Set down every entry word for word. Omit the pictures.

--------------------

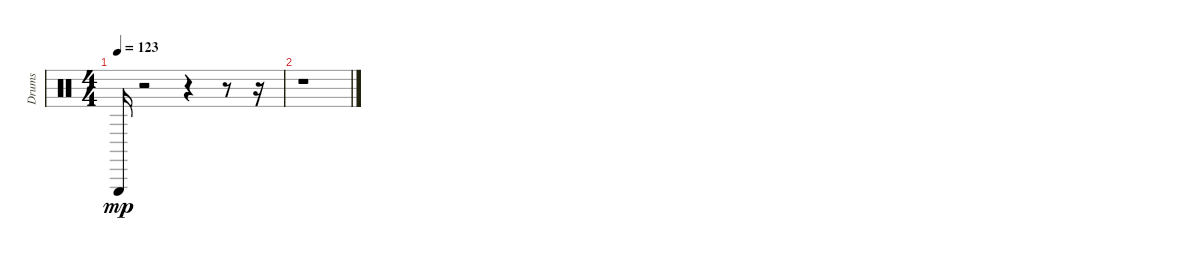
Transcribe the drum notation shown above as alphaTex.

\track ("Drums" "Drums") {instrument percussion}
\staff {score}
\articulation defaults
\ts (4 4)
\tempo 123
\clef neutral
\ks c "Triangle (hit)".16{dy mp}
r.2 r.4 r.8 r.16 |
r.1
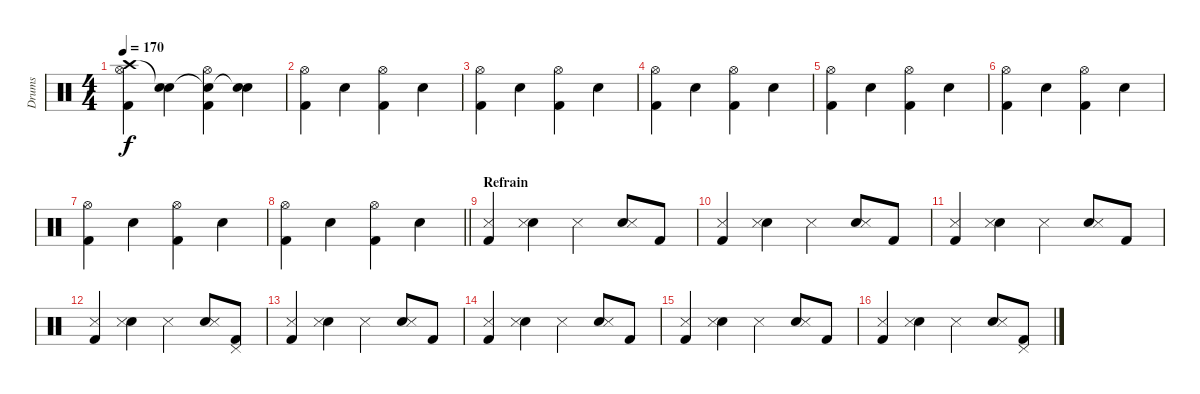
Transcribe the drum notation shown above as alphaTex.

\track ("Drums" "Drums") {instrument percussion}
\staff {score}
\articulation defaults
\ts (4 4)
\tempo 170
\clef neutral
\ks c
("Crash high (hit)" "Hi-Hat (open)" "Kick (hit) 2").4{dy f} ("Snare (hit)"{t} "Snare (hit) 2").4 ("Snare (hit)"{t} "Hi-Hat (open)" "Kick (hit) 2").4 ("Snare (hit)"{t} "Snare (hit) 2").4 |
("Hi-Hat (open)" "Kick (hit) 2").4 "Snare (hit) 2".4 ("Hi-Hat (open)" "Kick (hit) 2").4 "Snare (hit) 2".4 |
("Hi-Hat (open)" "Kick (hit) 2").4 "Snare (hit) 2".4 ("Hi-Hat (open)" "Kick (hit) 2").4 "Snare (hit) 2".4 |
("Hi-Hat (open)" "Kick (hit) 2").4 "Snare (hit) 2".4 ("Hi-Hat (open)" "Kick (hit) 2").4 "Snare (hit) 2".4 |
("Hi-Hat (open)" "Kick (hit) 2").4 "Snare (hit) 2".4 ("Hi-Hat (open)" "Kick (hit) 2").4 "Snare (hit) 2".4 |
("Hi-Hat (open)" "Kick (hit) 2").4 "Snare (hit) 2".4 ("Hi-Hat (open)" "Kick (hit) 2").4 "Snare (hit) 2".4 |
("Hi-Hat (open)" "Kick (hit) 2").4 "Snare (hit) 2".4 ("Hi-Hat (open)" "Kick (hit) 2").4 "Snare (hit) 2".4 |
\barLineRight lightlight
("Hi-Hat (open)" "Kick (hit) 2").4 "Snare (hit) 2".4 ("Hi-Hat (open)" "Kick (hit) 2").4 "Snare (hit) 2".4 |
\section ("" "Refrain")
("Snare (side stick) 3" "Kick (hit) 2").4 ("Snare (hit) 2" "Snare (side stick) 3").4 "Snare (side stick) 3".4 ("Snare (hit) 2" "Snare (side stick) 3").8 "Kick (hit) 2".8 |
("Snare (side stick) 3" "Kick (hit) 2").4 ("Snare (hit) 2" "Snare (side stick) 3").4 "Snare (side stick) 3".4 ("Snare (hit) 2" "Snare (side stick) 3").8 "Kick (hit) 2".8 |
("Snare (side stick) 3" "Kick (hit) 2").4 ("Snare (hit) 2" "Snare (side stick) 3").4 "Snare (side stick) 3".4 ("Snare (hit) 2" "Snare (side stick) 3").8 "Kick (hit) 2".8 |
("Snare (side stick) 3" "Kick (hit) 2").4 ("Snare (hit) 2" "Snare (side stick) 3").4 "Snare (side stick) 3".4 ("Snare (hit) 2" "Snare (side stick) 3").8 ("Pedal Hi-Hat (hit)" "Kick (hit) 2").8 |
("Snare (side stick) 3" "Kick (hit) 2").4 ("Snare (hit) 2" "Snare (side stick) 3").4 "Snare (side stick) 3".4 ("Snare (hit) 2" "Snare (side stick) 3").8 "Kick (hit) 2".8 |
("Snare (side stick) 3" "Kick (hit) 2").4 ("Snare (hit) 2" "Snare (side stick) 3").4 "Snare (side stick) 3".4 ("Snare (hit) 2" "Snare (side stick) 3").8 "Kick (hit) 2".8 |
("Snare (side stick) 3" "Kick (hit) 2").4 ("Snare (hit) 2" "Snare (side stick) 3").4 "Snare (side stick) 3".4 ("Snare (hit) 2" "Snare (side stick) 3").8 "Kick (hit) 2".8 |
("Snare (side stick) 3" "Kick (hit) 2").4 ("Snare (hit) 2" "Snare (side stick) 3").4 "Snare (side stick) 3".4 ("Snare (hit) 2" "Snare (side stick) 3").8 ("Pedal Hi-Hat (hit)" "Kick (hit) 2").8
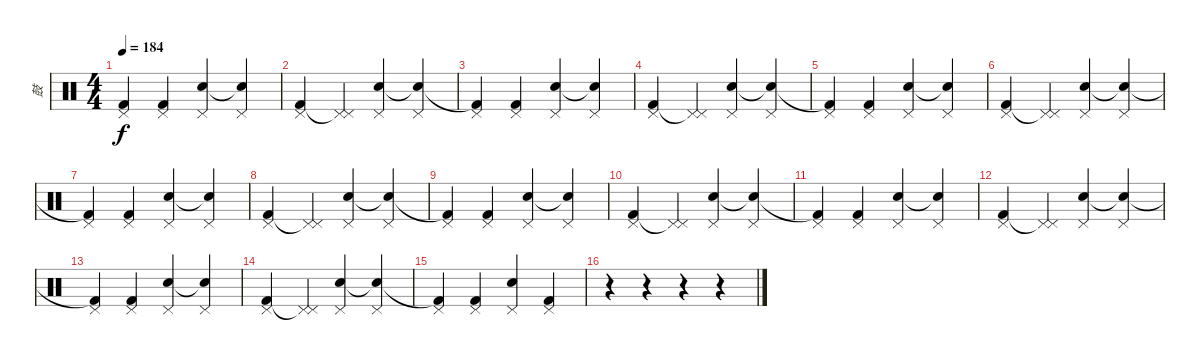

--------------------

* **Result**
Transcribe the drum notation shown above as alphaTex.

\track ("Drums" "Drums") {instrument percussion}
\staff {score}
\articulation defaults
\ts (4 4)
\tempo 123
\clef neutral
\ks c "Triangle (hit)".16{dy mp}
r.2 r.4 r.8 r.16 |
r.1
Transcribe the drum notation shown above as alphaTex.

\track ("Drums" "Drums") {instrument percussion}
\staff {score}
\articulation defaults
\ts (4 4)
\tempo 170
\clef neutral
\ks c
("Crash high (hit)" "Hi-Hat (open)" "Kick (hit) 2").4{dy f} ("Snare (hit)"{t} "Snare (hit) 2").4 ("Snare (hit)"{t} "Hi-Hat (open)" "Kick (hit) 2").4 ("Snare (hit)"{t} "Snare (hit) 2").4 |
("Hi-Hat (open)" "Kick (hit) 2").4 "Snare (hit) 2".4 ("Hi-Hat (open)" "Kick (hit) 2").4 "Snare (hit) 2".4 |
("Hi-Hat (open)" "Kick (hit) 2").4 "Snare (hit) 2".4 ("Hi-Hat (open)" "Kick (hit) 2").4 "Snare (hit) 2".4 |
("Hi-Hat (open)" "Kick (hit) 2").4 "Snare (hit) 2".4 ("Hi-Hat (open)" "Kick (hit) 2").4 "Snare (hit) 2".4 |
("Hi-Hat (open)" "Kick (hit) 2").4 "Snare (hit) 2".4 ("Hi-Hat (open)" "Kick (hit) 2").4 "Snare (hit) 2".4 |
("Hi-Hat (open)" "Kick (hit) 2").4 "Snare (hit) 2".4 ("Hi-Hat (open)" "Kick (hit) 2").4 "Snare (hit) 2".4 |
("Hi-Hat (open)" "Kick (hit) 2").4 "Snare (hit) 2".4 ("Hi-Hat (open)" "Kick (hit) 2").4 "Snare (hit) 2".4 |
\barLineRight lightlight
("Hi-Hat (open)" "Kick (hit) 2").4 "Snare (hit) 2".4 ("Hi-Hat (open)" "Kick (hit) 2").4 "Snare (hit) 2".4 |
\section ("" "Refrain")
("Snare (side stick) 3" "Kick (hit) 2").4 ("Snare (hit) 2" "Snare (side stick) 3").4 "Snare (side stick) 3".4 ("Snare (hit) 2" "Snare (side stick) 3").8 "Kick (hit) 2".8 |
("Snare (side stick) 3" "Kick (hit) 2").4 ("Snare (hit) 2" "Snare (side stick) 3").4 "Snare (side stick) 3".4 ("Snare (hit) 2" "Snare (side stick) 3").8 "Kick (hit) 2".8 |
("Snare (side stick) 3" "Kick (hit) 2").4 ("Snare (hit) 2" "Snare (side stick) 3").4 "Snare (side stick) 3".4 ("Snare (hit) 2" "Snare (side stick) 3").8 "Kick (hit) 2".8 |
("Snare (side stick) 3" "Kick (hit) 2").4 ("Snare (hit) 2" "Snare (side stick) 3").4 "Snare (side stick) 3".4 ("Snare (hit) 2" "Snare (side stick) 3").8 ("Pedal Hi-Hat (hit)" "Kick (hit) 2").8 |
("Snare (side stick) 3" "Kick (hit) 2").4 ("Snare (hit) 2" "Snare (side stick) 3").4 "Snare (side stick) 3".4 ("Snare (hit) 2" "Snare (side stick) 3").8 "Kick (hit) 2".8 |
("Snare (side stick) 3" "Kick (hit) 2").4 ("Snare (hit) 2" "Snare (side stick) 3").4 "Snare (side stick) 3".4 ("Snare (hit) 2" "Snare (side stick) 3").8 "Kick (hit) 2".8 |
("Snare (side stick) 3" "Kick (hit) 2").4 ("Snare (hit) 2" "Snare (side stick) 3").4 "Snare (side stick) 3".4 ("Snare (hit) 2" "Snare (side stick) 3").8 "Kick (hit) 2".8 |
("Snare (side stick) 3" "Kick (hit) 2").4 ("Snare (hit) 2" "Snare (side stick) 3").4 "Snare (side stick) 3".4 ("Snare (hit) 2" "Snare (side stick) 3").8 ("Pedal Hi-Hat (hit)" "Kick (hit) 2").8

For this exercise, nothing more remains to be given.